Contact-mediated long distance signaling by Drosophila cytonemes. Sougata Roy, Thomas B Kornberg. Cardiovascular Research Institute, University of California San Francisco, San Francisco, CA.

   How cells communicate with each other at long distances is key to understanding how cells cooperate to form organized tissues during development and why cells in various disease states lose or escape normal controls. Although much progress has been made identifying signaling molecules that mediate these communications - proteins such as Hedgehog, Wingless, Decapentaplegic (Dpp, a BMP homolog), Fibroblast Growth Factor and Epidermal Growth Factor - the mechanism by which these proteins move with target specificity and in regulated amount through and across tissues remains unproven. Several proposed models postulate that some form of diffusion moves these signaling proteins through extracellular spaces. My work has investigated a different direct delivery mechanism whereby specialized filopodia (cytonemes) transfer signaling proteins between cells at sites of direct contact (Roy and Kornberg, Sci Signal. 2011; 4:pt8).

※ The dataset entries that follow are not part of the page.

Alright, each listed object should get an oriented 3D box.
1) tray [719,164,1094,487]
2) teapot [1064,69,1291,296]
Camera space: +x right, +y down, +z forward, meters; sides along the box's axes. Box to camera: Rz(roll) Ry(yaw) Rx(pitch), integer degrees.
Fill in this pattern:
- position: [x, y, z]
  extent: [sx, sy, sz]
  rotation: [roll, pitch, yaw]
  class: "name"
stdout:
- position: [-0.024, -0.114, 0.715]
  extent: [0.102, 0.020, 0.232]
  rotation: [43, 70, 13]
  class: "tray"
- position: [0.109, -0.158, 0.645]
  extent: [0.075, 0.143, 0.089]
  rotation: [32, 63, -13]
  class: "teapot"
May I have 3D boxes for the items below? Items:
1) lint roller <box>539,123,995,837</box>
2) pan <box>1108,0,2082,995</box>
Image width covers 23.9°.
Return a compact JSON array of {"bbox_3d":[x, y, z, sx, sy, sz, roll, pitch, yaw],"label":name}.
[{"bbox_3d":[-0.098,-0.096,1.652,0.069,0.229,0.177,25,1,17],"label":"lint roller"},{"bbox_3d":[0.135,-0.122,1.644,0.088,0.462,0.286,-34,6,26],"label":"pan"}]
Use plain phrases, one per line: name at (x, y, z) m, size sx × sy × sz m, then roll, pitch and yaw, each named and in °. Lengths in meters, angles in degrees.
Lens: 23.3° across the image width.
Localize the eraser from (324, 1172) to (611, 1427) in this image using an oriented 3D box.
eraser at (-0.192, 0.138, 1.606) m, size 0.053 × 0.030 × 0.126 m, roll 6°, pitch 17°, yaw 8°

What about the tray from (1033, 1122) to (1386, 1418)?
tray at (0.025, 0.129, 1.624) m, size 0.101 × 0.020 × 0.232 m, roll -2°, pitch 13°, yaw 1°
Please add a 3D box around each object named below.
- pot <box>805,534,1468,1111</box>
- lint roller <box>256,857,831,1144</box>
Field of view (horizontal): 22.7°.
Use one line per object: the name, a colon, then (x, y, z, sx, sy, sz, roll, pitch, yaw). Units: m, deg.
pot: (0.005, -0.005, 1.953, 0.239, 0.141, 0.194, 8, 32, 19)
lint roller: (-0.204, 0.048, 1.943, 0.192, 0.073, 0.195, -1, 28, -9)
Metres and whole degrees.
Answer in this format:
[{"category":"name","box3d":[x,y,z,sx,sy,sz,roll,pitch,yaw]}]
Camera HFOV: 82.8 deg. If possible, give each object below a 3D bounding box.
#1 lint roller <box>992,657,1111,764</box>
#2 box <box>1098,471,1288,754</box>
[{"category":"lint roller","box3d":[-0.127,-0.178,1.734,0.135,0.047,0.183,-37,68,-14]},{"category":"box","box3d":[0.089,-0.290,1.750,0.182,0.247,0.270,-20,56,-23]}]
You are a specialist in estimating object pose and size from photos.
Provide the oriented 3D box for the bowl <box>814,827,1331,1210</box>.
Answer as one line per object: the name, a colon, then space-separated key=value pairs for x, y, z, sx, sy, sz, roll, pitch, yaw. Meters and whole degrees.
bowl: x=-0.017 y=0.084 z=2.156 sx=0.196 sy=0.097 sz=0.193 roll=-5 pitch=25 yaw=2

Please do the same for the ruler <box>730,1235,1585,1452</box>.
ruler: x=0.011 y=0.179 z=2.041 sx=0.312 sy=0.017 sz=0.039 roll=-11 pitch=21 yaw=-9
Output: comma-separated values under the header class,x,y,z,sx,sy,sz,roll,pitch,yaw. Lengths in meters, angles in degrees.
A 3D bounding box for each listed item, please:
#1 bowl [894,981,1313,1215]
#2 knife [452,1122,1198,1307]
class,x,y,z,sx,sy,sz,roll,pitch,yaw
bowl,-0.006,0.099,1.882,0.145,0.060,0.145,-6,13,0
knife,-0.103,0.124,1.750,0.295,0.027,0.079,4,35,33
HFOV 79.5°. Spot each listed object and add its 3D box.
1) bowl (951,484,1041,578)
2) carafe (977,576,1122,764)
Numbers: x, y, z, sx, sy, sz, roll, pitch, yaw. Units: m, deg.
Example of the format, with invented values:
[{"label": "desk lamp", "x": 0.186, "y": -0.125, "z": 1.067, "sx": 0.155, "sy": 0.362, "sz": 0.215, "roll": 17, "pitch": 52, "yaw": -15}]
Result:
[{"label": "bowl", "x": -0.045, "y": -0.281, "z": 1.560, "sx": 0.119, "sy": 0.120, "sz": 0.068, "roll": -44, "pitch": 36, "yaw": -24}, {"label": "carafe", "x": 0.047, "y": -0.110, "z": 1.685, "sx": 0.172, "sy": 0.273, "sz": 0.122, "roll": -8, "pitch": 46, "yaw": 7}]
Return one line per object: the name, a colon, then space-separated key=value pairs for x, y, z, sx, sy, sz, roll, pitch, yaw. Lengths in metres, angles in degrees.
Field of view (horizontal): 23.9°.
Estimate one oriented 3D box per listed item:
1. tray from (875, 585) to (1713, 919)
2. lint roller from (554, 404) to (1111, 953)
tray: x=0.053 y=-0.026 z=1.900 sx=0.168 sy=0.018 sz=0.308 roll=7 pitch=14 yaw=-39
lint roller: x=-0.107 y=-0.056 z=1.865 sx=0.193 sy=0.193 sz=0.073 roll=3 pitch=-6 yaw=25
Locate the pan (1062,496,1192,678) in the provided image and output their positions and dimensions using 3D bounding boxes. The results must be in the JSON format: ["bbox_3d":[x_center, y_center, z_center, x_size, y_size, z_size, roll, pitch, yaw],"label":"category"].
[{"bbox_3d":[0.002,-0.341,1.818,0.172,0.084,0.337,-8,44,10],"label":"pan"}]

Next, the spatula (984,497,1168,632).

Cytonemes are types of filopodia first identified in the Drosophila wing imaginal disc that were proposed to be involved in long distance signaling during development. My work shows that same group of cells emanate different types of cytonemes that can be distinguished by their specific response to different signaling ligands depending on the presence or absence of different signaling protein receptors in them (Roy et al. Science. 2011; 332:354-358). I then show, using the GRASP GFP reconstitution method, that cytonemes make direct contact with target cells, and also show that contacting cytonemes exchange, receive and transport morphogen molecules from target cells to recipient cells in receptor dependent manner. Finally, I show that genetic conditions that reduce cytoneme-mediated contacts also reduce signal transduction. These findings establish that non-neuronal cells can make direct long distance contacts for signal transduction and support the model of cytoneme-based movement of signaling proteins as a novel and essential mechanism for cell-cell communication.